Authors: Ahmad Jafarian; Layla Kulaii
Addresses: Department of Mathematics, Urmia Branch, Islamic Azad University, Urmia, Iran ' Department of Mathematics, Urmia Branch, Islamic Azad University, Urmia, Iran
Abstract: Indeed, the special advantages of artificial neural networks in modelling and solving complex real-world phenomena, have made them powerful computational and mathematical tools in applied sciences and engineering. The main purpose of this paper is to derive an iterative method based on a combination of neural nets approach and power-series method for an approximate treatment of the fractional Bratu-type equations. Supposedly, the problem considered has a solution in terms of the series expansion of unknown function, the proper implementation of a suitable neural architecture leads to estimate the unknown series coefficients, systematically. So as to show practical applicability and robustness of this technique, Bratu's boundary value problem in one-dimensional planar is solved as numerical example.
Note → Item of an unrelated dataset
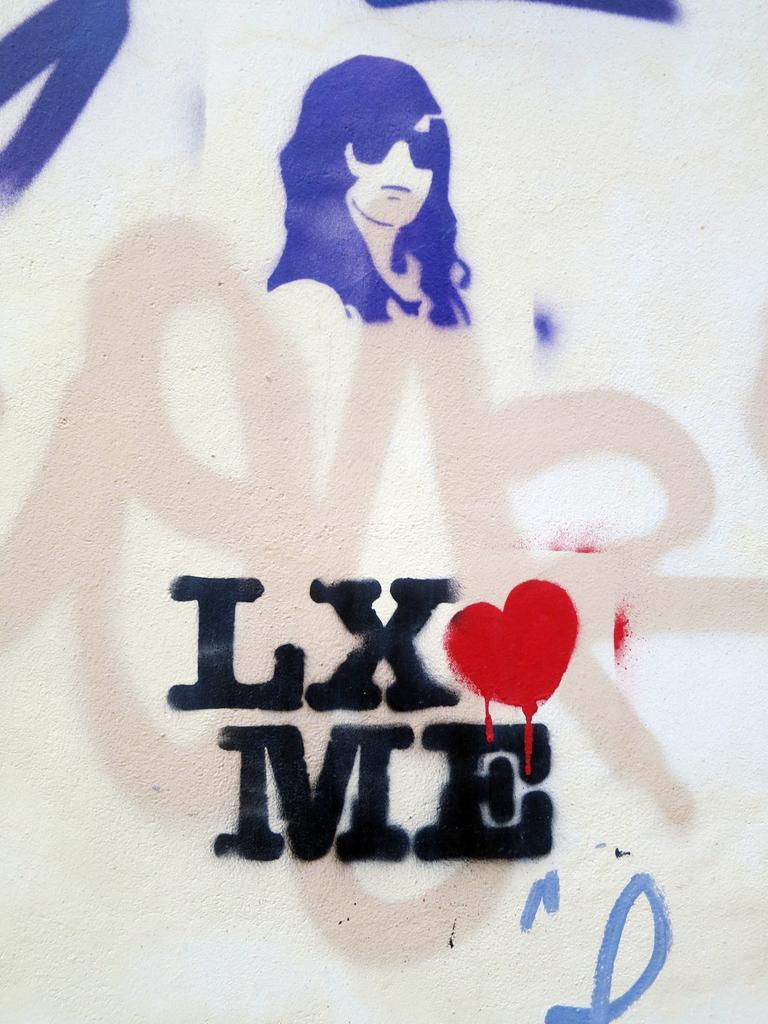Please provide a concise description of this image. Here in this picture we can see some sort of painting drawn on the wall over there.

Achieved numerical and simulative results reveal that the method is very effective and powerful.
Keywords: artificial neural network; back-propagation learning algorithm; criterion function; fractional Bratu-type; power-series polynomial; problem.
International Journal of Dynamical Systems and Differential Equations, 2017 Vol.7 No.2, pp.142 - 156
Received: 15 Jan 2016
Accepted: 04 Aug 2016
Published online: 01 Aug 2017 *